In the records below, repeat exactly the lines between the line holding "What type of furniture" and the line holding "Please identify and", inclusive, and drop the pictures.

Supplied data
►
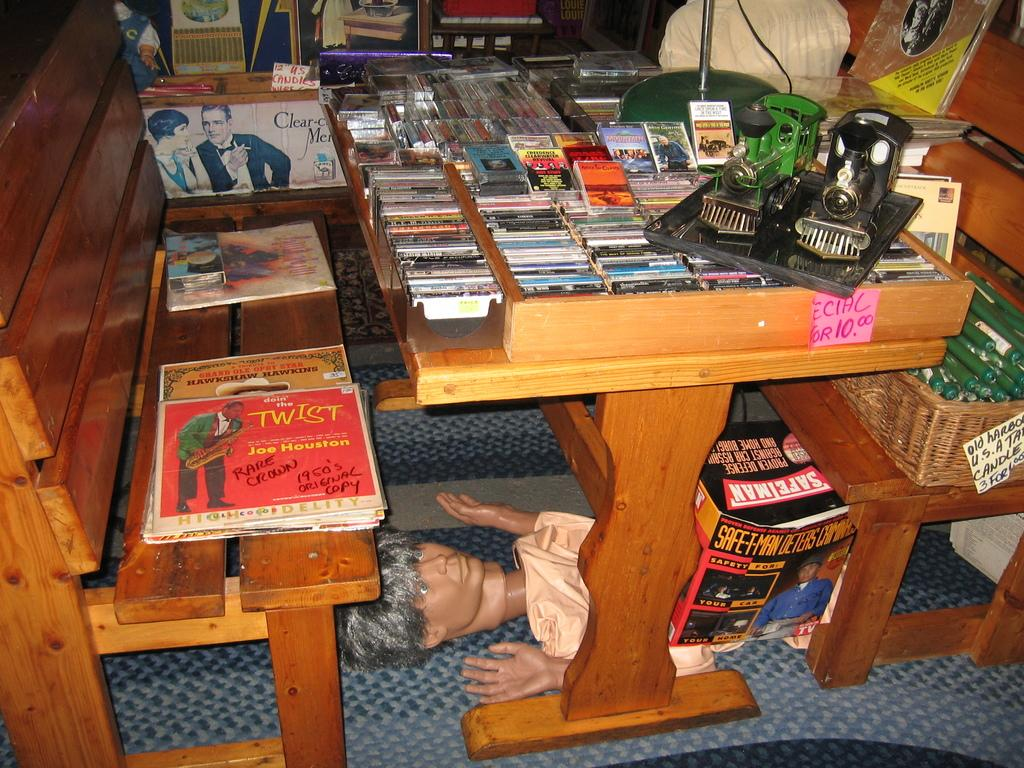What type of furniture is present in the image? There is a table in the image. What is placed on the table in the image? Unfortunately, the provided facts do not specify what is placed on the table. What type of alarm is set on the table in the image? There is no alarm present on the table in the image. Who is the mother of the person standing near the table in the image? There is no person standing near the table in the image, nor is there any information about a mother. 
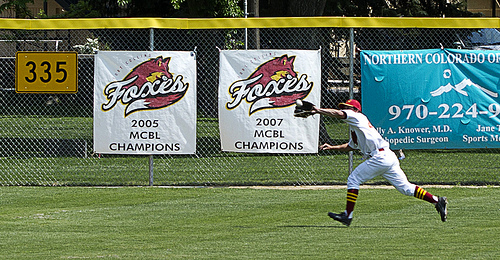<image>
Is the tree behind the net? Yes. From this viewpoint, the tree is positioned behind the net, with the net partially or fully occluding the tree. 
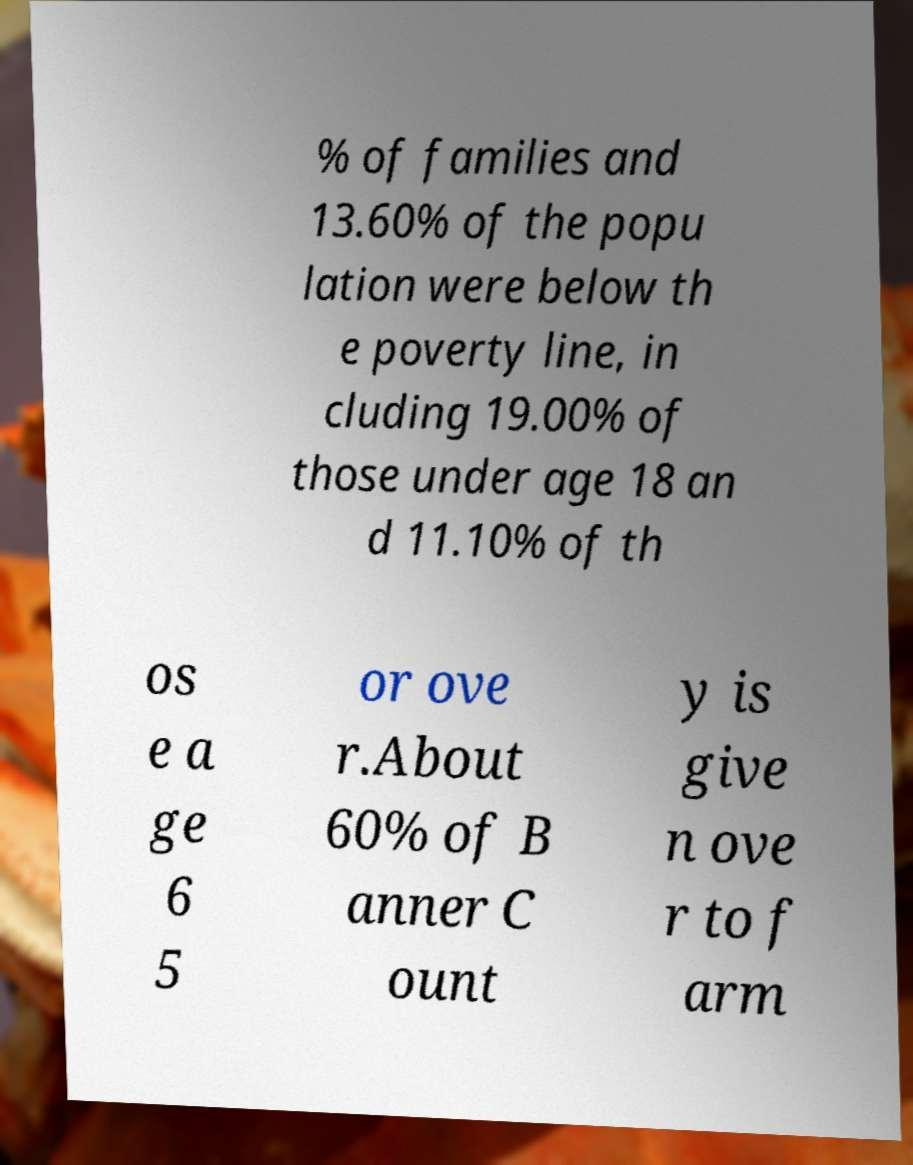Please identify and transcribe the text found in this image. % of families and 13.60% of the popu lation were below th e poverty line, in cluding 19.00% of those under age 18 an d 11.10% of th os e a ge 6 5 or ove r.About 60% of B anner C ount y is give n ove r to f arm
◄
►
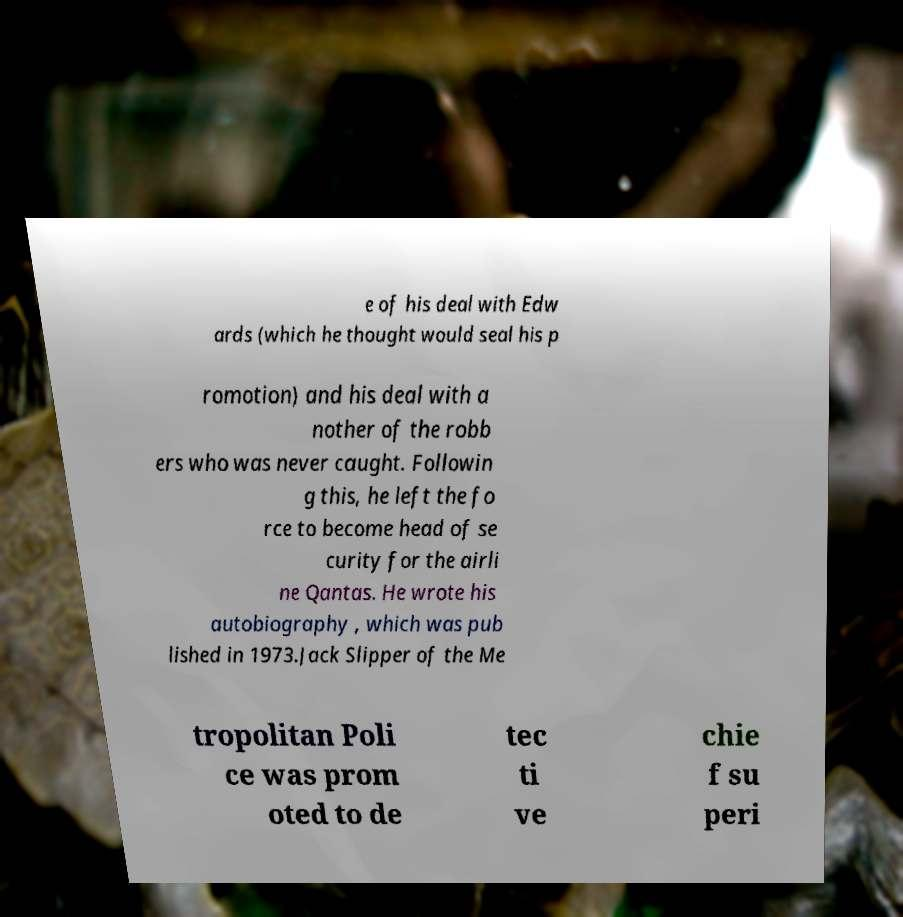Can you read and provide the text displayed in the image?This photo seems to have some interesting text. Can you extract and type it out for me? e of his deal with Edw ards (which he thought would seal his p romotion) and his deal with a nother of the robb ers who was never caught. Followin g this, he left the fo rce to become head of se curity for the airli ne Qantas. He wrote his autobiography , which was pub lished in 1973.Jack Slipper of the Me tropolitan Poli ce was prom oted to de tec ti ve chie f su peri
◄
Exercise answer
What type of furniture is present in the image? There is a table in the image. What is placed on the table in the image? Unfortunately, the provided facts do not specify what is placed on the table. What type of alarm is set on the table in the image? There is no alarm present on the table in the image. Who is the mother of the person standing near the table in the image? There is no person standing near the table in the image, nor is there any information about a mother. 
<image>
Is the tree behind the net? Yes. From this viewpoint, the tree is positioned behind the net, with the net partially or fully occluding the tree. 
Please identify and transcribe the text found in this image. % of families and 13.60% of the popu lation were below th e poverty line, in cluding 19.00% of those under age 18 an d 11.10% of th os e a ge 6 5 or ove r.About 60% of B anner C ount y is give n ove r to f arm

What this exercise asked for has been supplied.